Although Biogen’s drug failed both the main and secondary goals of a final-stage trial, “there appear to be generally consistent trends favoring tofersen across different statistical methods,” the FDA staff said Monday in documents released on the agency’s website. Patients with ALS, sometimes called Lou Gehrig’s disease, are willing to accept risk given the severity of the condition and lack of effective treatments, the staff wrote.
More drugmakers are targeting incurable diseases like ALS, often forcing the FDA to grapple with difficult questions of whether to clear medicines backed by questionable data for desperate patients. The Wednesday meeting of an independent panel of FDA advisers may give hints as to how aggressively the agency is willing to move toward giving expedited approval for experimental drugs that offer promise but haven’t yet shown a clear benefit for such patients.

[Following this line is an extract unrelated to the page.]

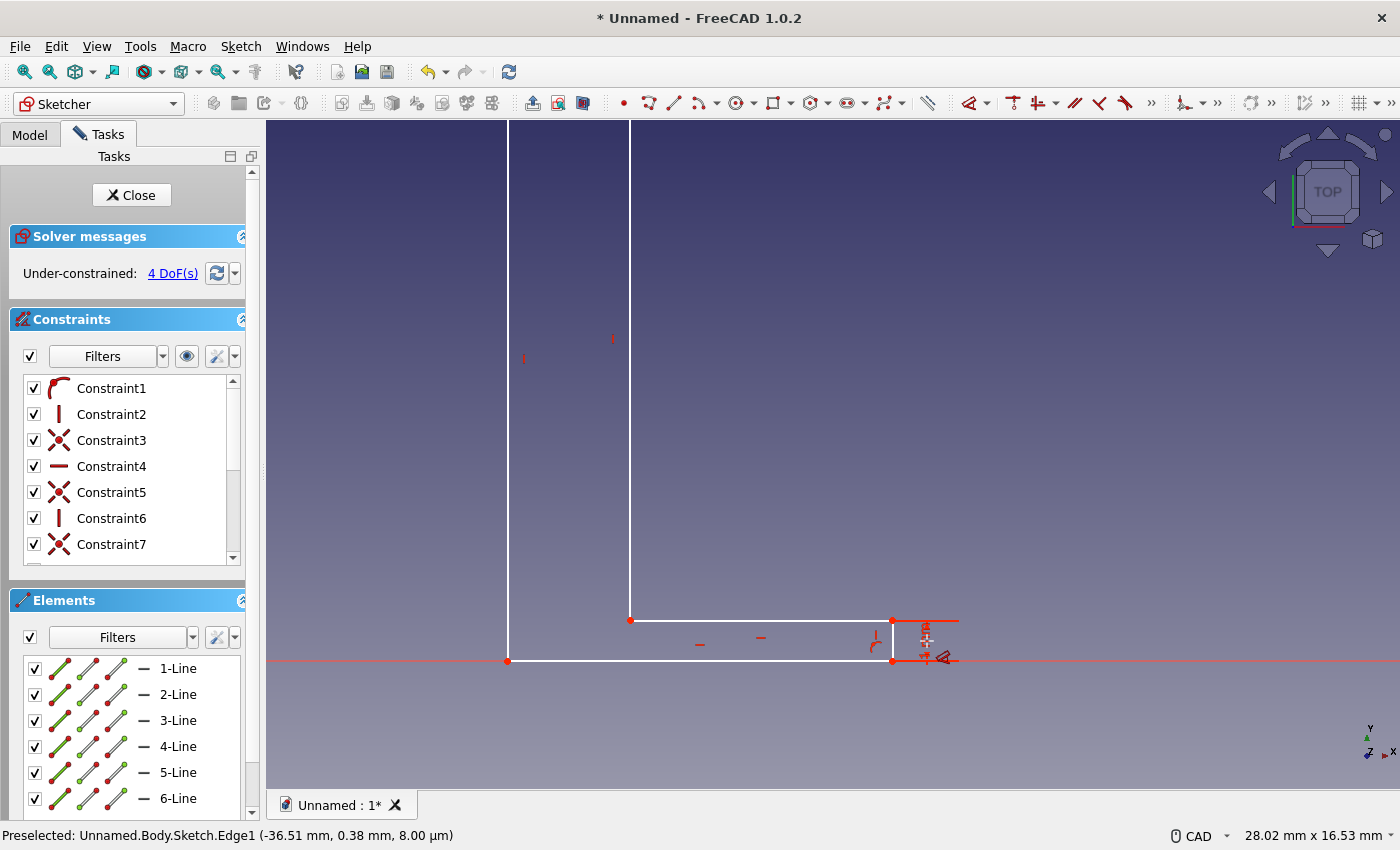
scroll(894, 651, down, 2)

While a trial of tofersen didn’t prove it slows ALS, the drug did decrease levels of a protein associated with brain injury. The usual approach to confirming whether a drug works after such unclear results would be to conduct a second, larger trial. But the form of ALS that tofersen seeks to treat is so rare that a second big trial in symptomatic patients “does not appear to be feasible at this time,” the FDA said.
Biogen has proposed following patients in the original trial to assess whether the people who received the drug from the beginning survived longer than others who started taking it later, the FDA said. The agency is weighing whether to authorize the drug using a controversial mechanism called accelerated approval or to consider granting full approval, according to the briefing document.

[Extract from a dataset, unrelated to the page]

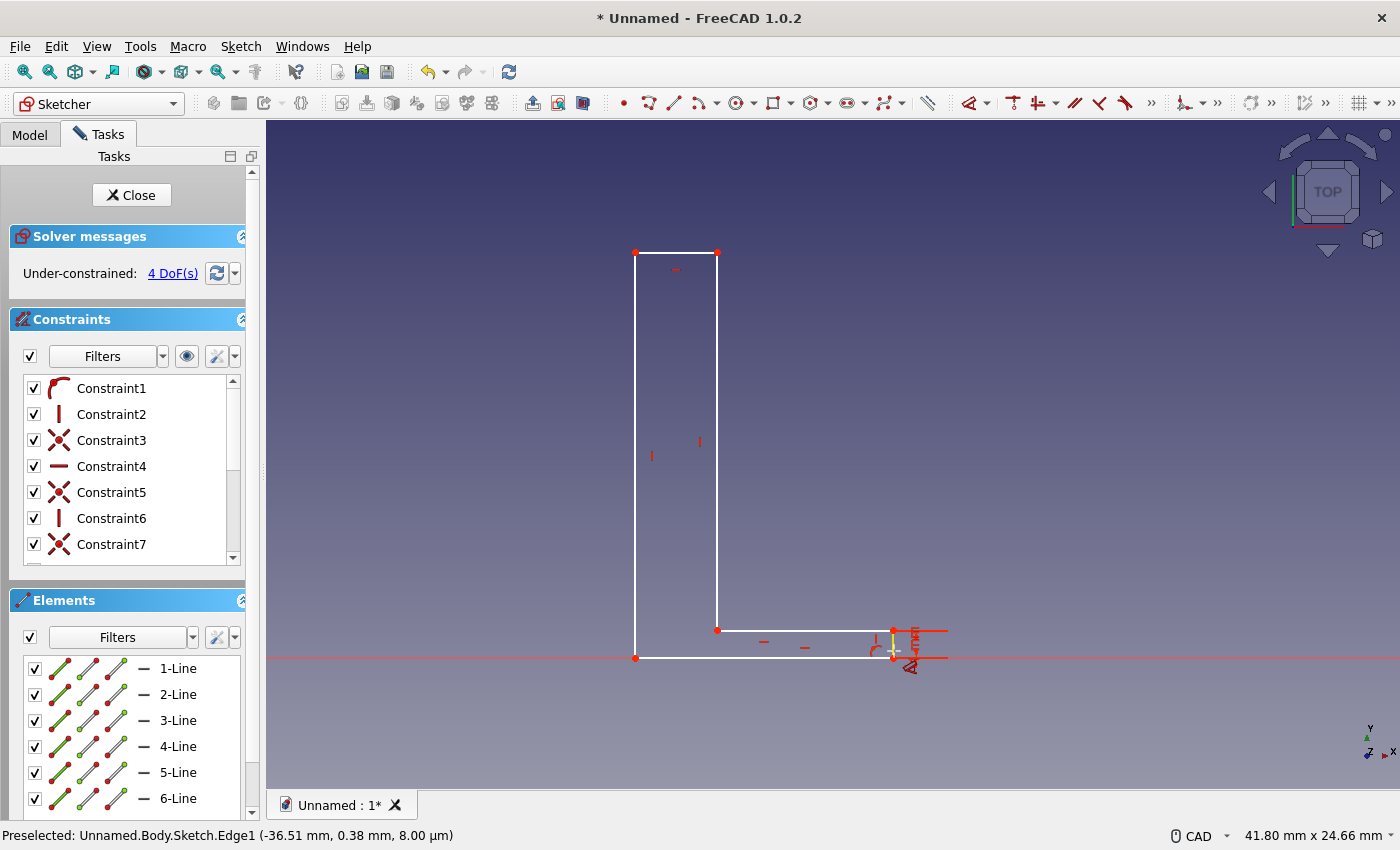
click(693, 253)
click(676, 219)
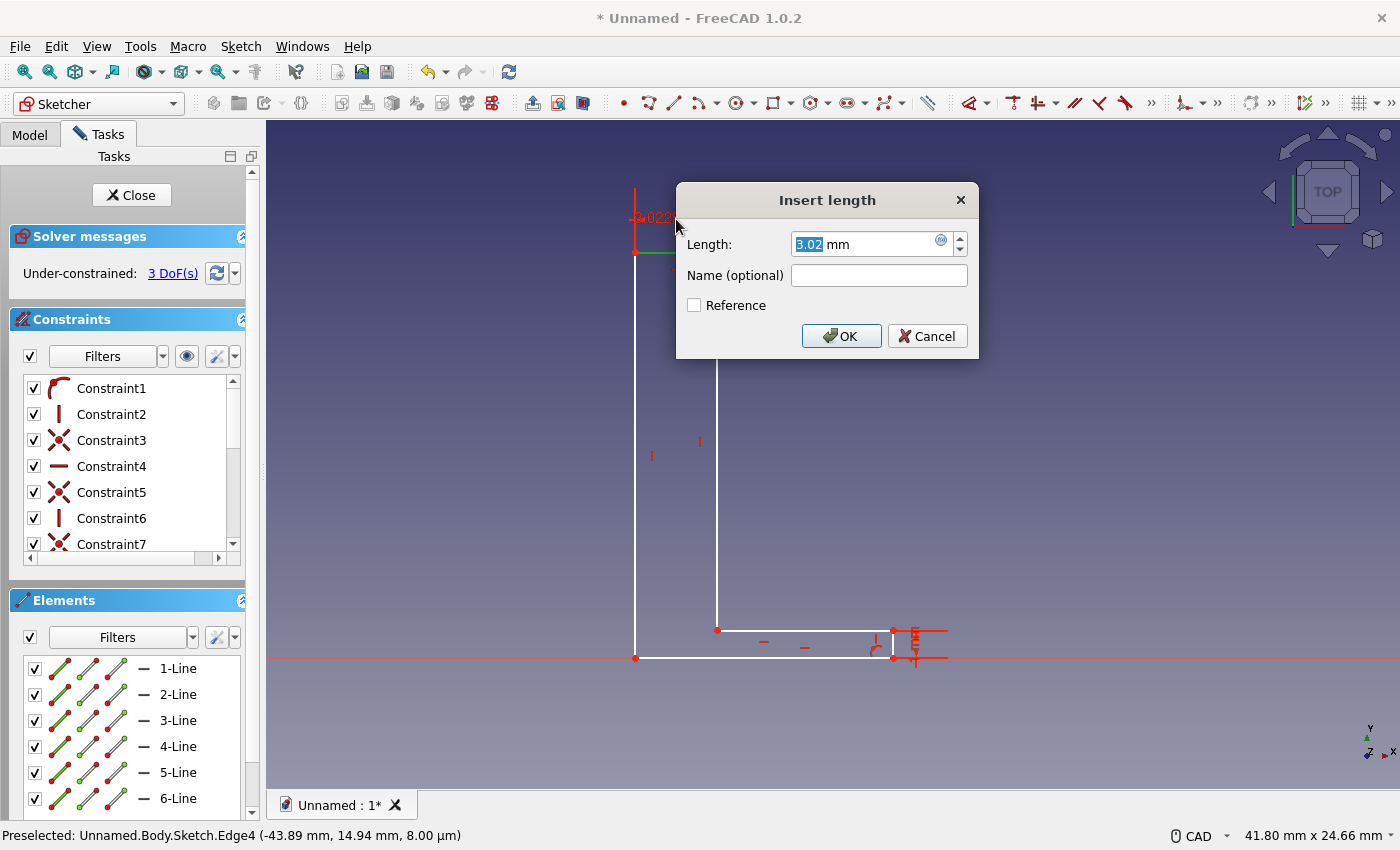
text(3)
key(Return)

The briefing documents read favorably and suggest approval of tofersen is likely, RBC Capital Markets analyst Luca Issi wrote in a note to clients. Shares of Biogen rose 0.7% Monday at noon in New York. Shares of Biogen’s partner Ionis Pharmaceuticals rose 1.5%.
ALS destroys nerve cells that control voluntary muscle movement, including breathing. There is no cure for the lethal disorder, which the Centers for Disease Control and Prevention estimates afflicts roughly 30,000 people in the U.S. Mutations in the SOD1 gene are found in about 10% to 20% of inherited cases of ALS and only 1% to 2% of sporadic cases, according to the ALS Association. While uncommon, these mutations can cause people to decline particularly rapidly.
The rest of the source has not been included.